Hace escasas semanas la mayoría de los medios de nuestro país ponían sobre la mesa un dato tan alarmante como incomprensiblemente sorprendente. Según la última Encuesta Trimestral de Coste Laboral (ETCL) publicada por el Instituto Nacional de Estadística (INE), este pasado primer trimestre de 2023 en el estado español se han registrado un total de 149.645 vacantes sin cubrir. Paradójicamente, España hoy dobla la tasa de paro de la zona euro, con un total de 2.908.397 personas sin empleo (mientras la tasa de desempleo en los países de la eurozona retrocede hasta el 6,5%, el Estado denota problemas estructurales fregando el 13%, la más elevada de la región).

Algunos expertos justifican esta contrariedad en tres posibles causas, sin que ninguna de ellas, sin embargo, prevalezca por encima de las otras: la escasez absoluta de mano de obra cualificada en determinados sectores, hecho que podría acabar siendo un factor limitativo del crecimiento económico; las condiciones laborales desfavorables en determinadas actividades productivas, muy en particular los sectores del turismo y la hostelería; y el papel francamente mejorable que tienen las actuales oficinas de trabajo y servicios de empleo.

Vamos por partes. Hoy, y este es un lamento unánime de todo el tejido empresarial, más de la mitad de las empresas del país tienen problemas para encontrar mano de obra cualificada, afectando muy especialmente a los sectores de la industria, la construcción, la hostelería, el turismo y el transporte. Y está precisamente aquí, en este punto, donde quiero romper una lanza en favor de los oficios y de la necesidad de una formación profesional de calidad que dé una respuesta real a las demandas del mercado laboral.

Aunque cada vez menos, afortunadamente, los ciclos formativos todavía hoy están infravalorados y disfrutan de cierto desprestigio. Demasiada gente opina que se trata de la opción para aquellas personas que no tienen aptitudes para estudiar o que no sirven, tal como se referían antiguamente nuestros padres.

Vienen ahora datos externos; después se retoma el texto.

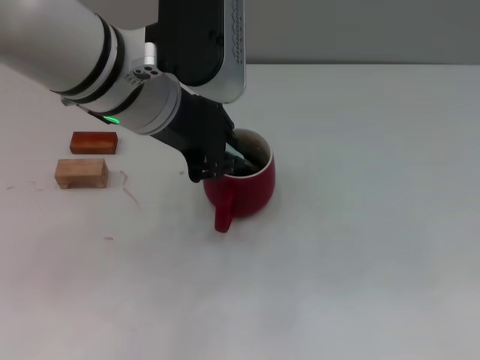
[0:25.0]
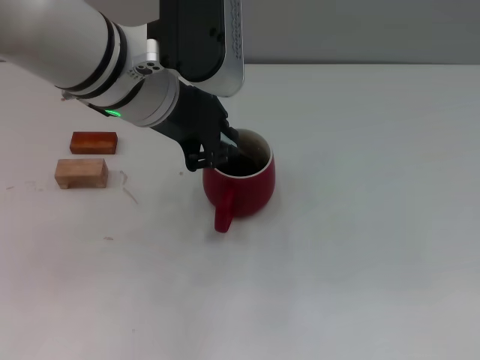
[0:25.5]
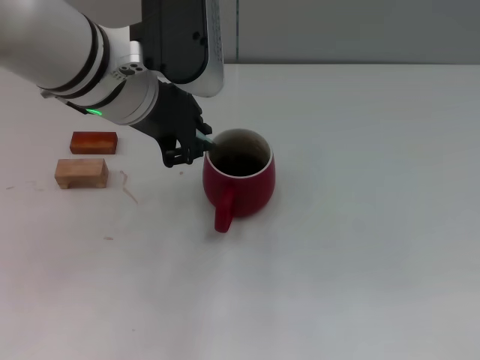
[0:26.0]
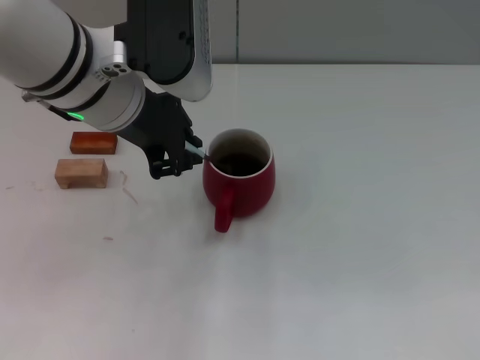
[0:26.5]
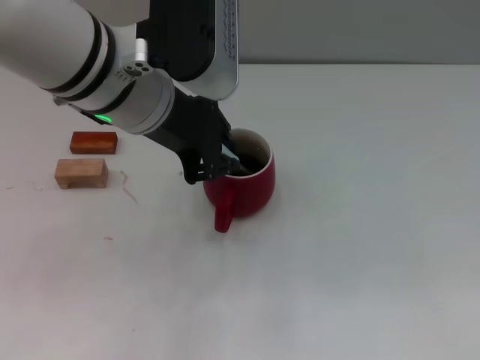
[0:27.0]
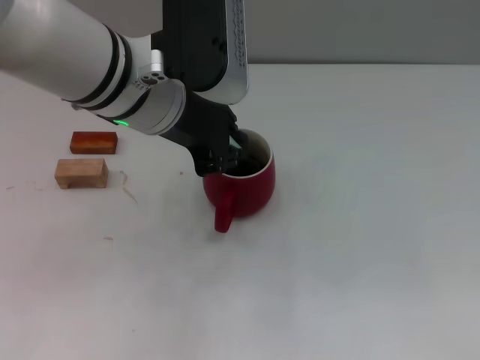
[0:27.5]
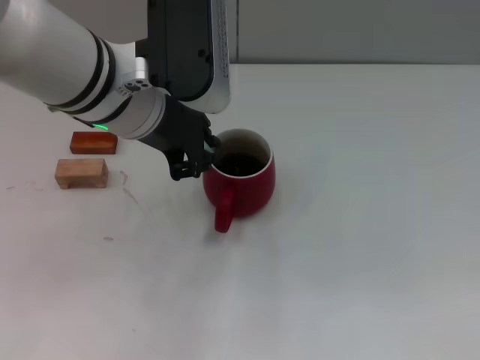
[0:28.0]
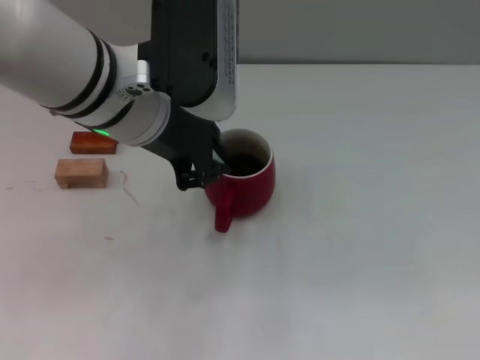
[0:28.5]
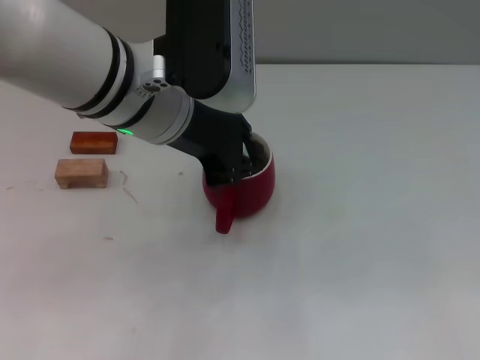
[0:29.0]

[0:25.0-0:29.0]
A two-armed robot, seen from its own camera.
Task of the whole recording: Move the red cup to the center, lift the blue spoon, stir it three times in the cup, and put the spoon into the cup.
0:25.0 to 0:29.0: There are only small adjustments of the grippers.

Una especie de "formación de segunda" cuando, en realidad, hoy los perfiles de formación profesional tienen una más alta inserción laboral que las personas con titulación universitaria, aunque la masa de estudiantes universitarios duplica la de la formación profesional.

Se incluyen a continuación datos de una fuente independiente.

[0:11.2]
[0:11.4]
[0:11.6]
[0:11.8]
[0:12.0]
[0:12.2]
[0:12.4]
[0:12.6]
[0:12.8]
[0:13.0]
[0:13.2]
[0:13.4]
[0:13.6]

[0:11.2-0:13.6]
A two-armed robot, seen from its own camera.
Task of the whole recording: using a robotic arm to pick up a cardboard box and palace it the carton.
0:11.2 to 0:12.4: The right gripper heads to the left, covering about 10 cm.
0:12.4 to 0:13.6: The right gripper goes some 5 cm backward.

Vale a decir, además, que durante muchos años la administración catalana ha dotado la formación profesional de un tratamiento diferenciado de recursos respecto de otras etapas educativas, un infrafinanciamiento que ha desembocado en una falta de equidad y de vulneración de los derechos de los estudiantes en función de su ruta académica, mayoritariamente alumnado de familias de clase trabajadora.

Afrontamos, pues, un nuevo paradigma en que el mercado tiene un claro desabastecimiento de mano de obra que hay que cubrir con eficiencia y con la máxima excelencia. La transformación del tejido productivo empieza en los centros de formación profesional y la colaboración con las empresas es un factor clave y necesario para alcanzar este hito. Tiene que ser "desde la empresa" y "con la empresa" que tenemos que elaborar este mapa educativo que necesita nuestro país, definir con el empresario los perfiles profesionales y adecuarlos a sus necesidades reales, trabajar el DAFO de nuestra propuesta actual y reforzar, más allá de las habilidades y las capacidades técnicas, la actitud y las competencias sociales de nuestros jóvenes. Y, indiscutiblemente, hay que apostar por esta formación dual, por el contacto con las empresas, las prácticas en entornos reales donde los alumnos puedan aprender su oficio con experiencias directas.

La apuesta de país, pues, pasa por una formación potente y adecuada y, por descontado, por la dignificación de las condiciones laborales, con remuneraciones justas y horarios conciliadores. Tenemos que ser un país competitivo y eso nos obliga a dotarnos del mejor talento, de formarlo y retenerlo.

Y, ¿por qué no? Apuesto también por recuperar viejos oficios y empoderarlos. De hecho, las nuevas tendencias ponen en valor el producto de proximidad, la economía verde, la producción sostenible y el capital humano. Volamos y necesitamos madereros que nos hagan salir del Ikea, zapateros que recuperen nuestras "alpargatas", panaderos que nos enseñen el sabor del pan, fruteros que nos escojan el mejor melón o la mejor sandía para cenar; modistas, electricistas, pintores...

Y hace falta un ejercicio de humildad por parte de todos. Como sociedad tenemos que tomar conciencia del valor de estas profesiones, de su papel esencial en nuestras vidas, directamente o indirecta. Todos formamos parte del engranaje y merecemos este reconocimiento. Recordémoslo cuando nos sirvan el próximo café.